- Starring: Marvin Miller
- Country of origin: United States
- Original language: English
- No. of episodes: 48

Production
- Running time: 30 minutes

Original release
- Network: ABC
- Release: December 4, 1949 – October 23, 1950

= Mysteries of Chinatown =

Mysteries of Chinatown is an American crime drama series that aired on the ABC television network from December 4, 1949 to October 23, 1950. Marvin Miller made his television debut in the series.

==Cast==
- Marvin Miller as Dr. Yat Fu
- Gloria Saunders as Ah Toy, niece of Dr. Fu
- Cy Kendall (pilot only)
- Spencer Chan as Lu Sung
- Keye Luke
- Ed MacDonald as Sgt. Cummings
- William Blythe at Sgt. Hargrove
- Robert Bice (played Dr.
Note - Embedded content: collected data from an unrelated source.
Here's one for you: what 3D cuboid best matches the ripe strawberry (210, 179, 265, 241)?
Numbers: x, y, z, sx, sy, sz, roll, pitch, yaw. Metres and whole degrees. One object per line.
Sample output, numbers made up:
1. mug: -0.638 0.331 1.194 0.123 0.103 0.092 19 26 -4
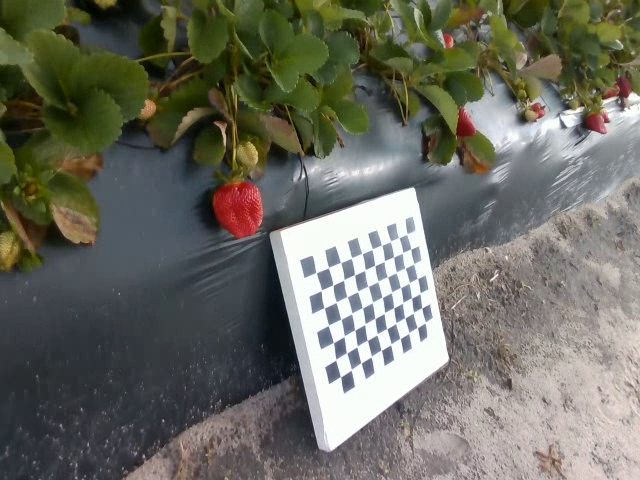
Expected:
1. ripe strawberry: -0.095 -0.037 0.703 0.067 0.075 0.039 -14 4 -43
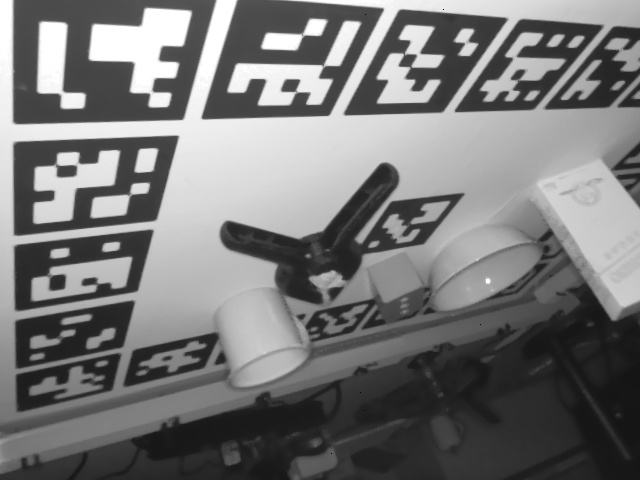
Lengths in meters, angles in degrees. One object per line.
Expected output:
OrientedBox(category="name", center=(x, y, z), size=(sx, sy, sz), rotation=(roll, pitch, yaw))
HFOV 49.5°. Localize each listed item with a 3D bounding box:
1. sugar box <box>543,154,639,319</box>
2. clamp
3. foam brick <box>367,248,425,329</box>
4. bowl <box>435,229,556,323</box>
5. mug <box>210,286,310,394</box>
OrientedBox(category="sugar box", center=(0.333, -0.009, 0.764), size=(0.093, 0.176, 0.045), rotation=(-19, 146, -8))
OrientedBox(category="clamp", center=(0.004, 0.007, 0.671), size=(0.167, 0.036, 0.201), rotation=(-21, 147, -12))
OrientedBox(category="foam brick", center=(0.089, 0.057, 0.812), size=(0.053, 0.051, 0.077), rotation=(-23, 147, -7))
OrientedBox(category="bowl", center=(0.203, 0.036, 0.849), size=(0.163, 0.055, 0.160), rotation=(-18, 147, -11))
OrientedBox(category="mug", center=(-0.059, 0.105, 0.731), size=(0.092, 0.081, 0.118), rotation=(-42, 141, 24))

Yat Fu only in the pilot.)
- Wong Artarne as Yee Wai, nephew of Dr. Fu
- Bo Ling as Lo Sing

==Plot==
The series focused on Dr. Yat Fu (Miller), the proprietor of a herb and curio shop in San Francisco's Chinatown, and also an amateur sleuth. Fu helped police to solve crimes, usually being helped by his nephew and niece.
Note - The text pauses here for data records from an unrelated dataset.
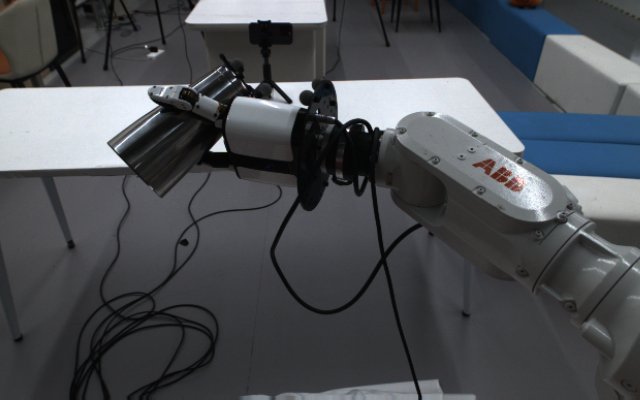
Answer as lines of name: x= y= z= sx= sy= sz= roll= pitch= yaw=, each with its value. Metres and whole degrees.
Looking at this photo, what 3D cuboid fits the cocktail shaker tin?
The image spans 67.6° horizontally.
cocktail shaker tin: x=-0.170 y=-0.097 z=0.616 sx=0.170 sy=0.093 sz=0.093 roll=-43 pitch=50 yaw=-14
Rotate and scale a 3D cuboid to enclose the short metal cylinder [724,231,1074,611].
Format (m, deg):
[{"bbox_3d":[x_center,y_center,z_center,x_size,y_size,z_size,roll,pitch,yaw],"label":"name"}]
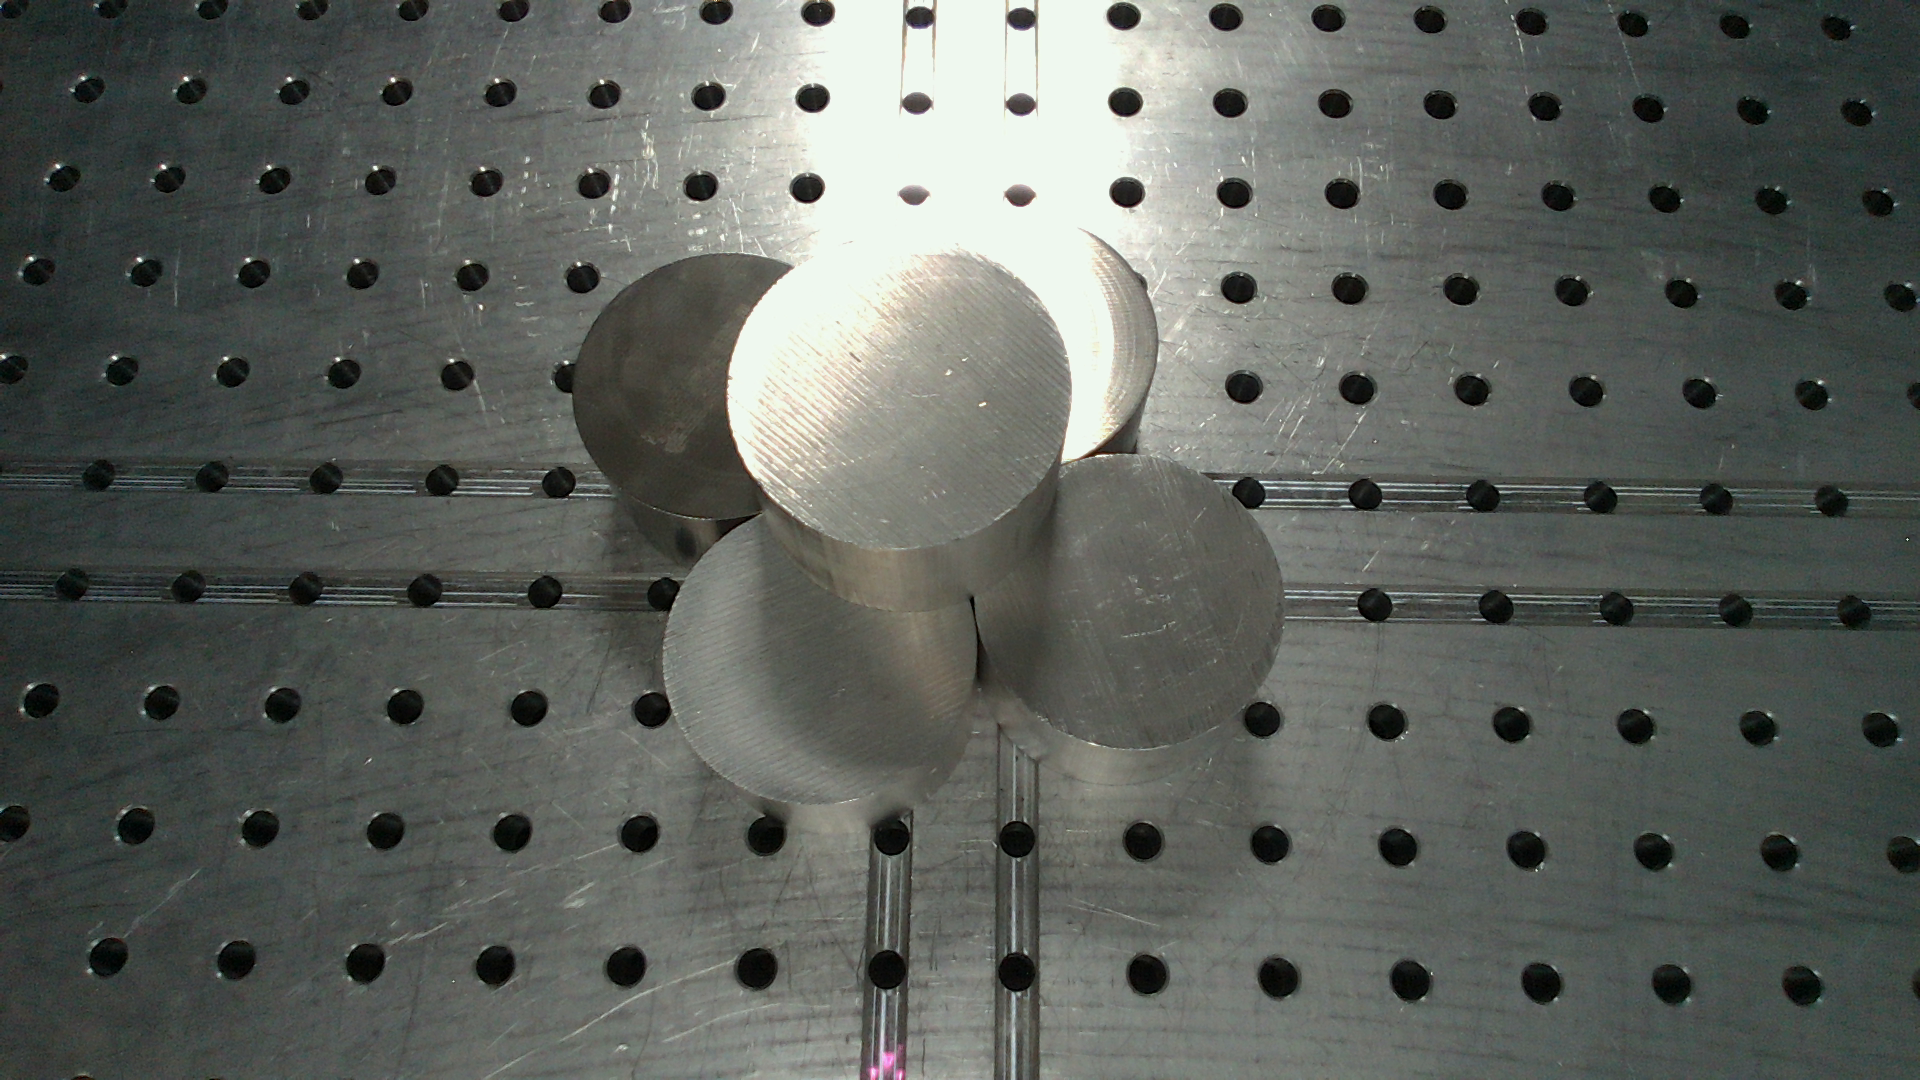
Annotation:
[{"bbox_3d":[-0.014,-0.028,0.339,0.080,0.050,0.080,0,71,-1],"label":"short metal cylinder"}]

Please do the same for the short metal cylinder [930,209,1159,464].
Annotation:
[{"bbox_3d":[0.015,-0.048,0.401,0.080,0.050,0.080,0,70,0],"label":"short metal cylinder"}]

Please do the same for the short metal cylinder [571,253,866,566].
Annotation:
[{"bbox_3d":[-0.065,-0.034,0.395,0.080,0.050,0.080,0,70,0],"label":"short metal cylinder"}]

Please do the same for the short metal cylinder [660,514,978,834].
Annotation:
[{"bbox_3d":[-0.035,0.036,0.370,0.080,0.050,0.080,0,70,0],"label":"short metal cylinder"}]

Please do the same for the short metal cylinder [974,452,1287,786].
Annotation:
[{"bbox_3d":[0.044,0.023,0.375,0.080,0.050,0.080,0,70,0],"label":"short metal cylinder"}]

Episodes included "The Body in Drawing Room D" and "The Case of the Missing Alibi".

==Production==
Mysteries of Chinatown originated at an east Hollywood studio that ABC bought from Warner Bros. Episodes were broadcast live in Hollywood and recorded via kinescope to be sent to New York for later transmission to the rest of the United States. Ray Buffum was the producer, and Richard Goggin was the director. Rex Koury provided the music. The program was sustaining.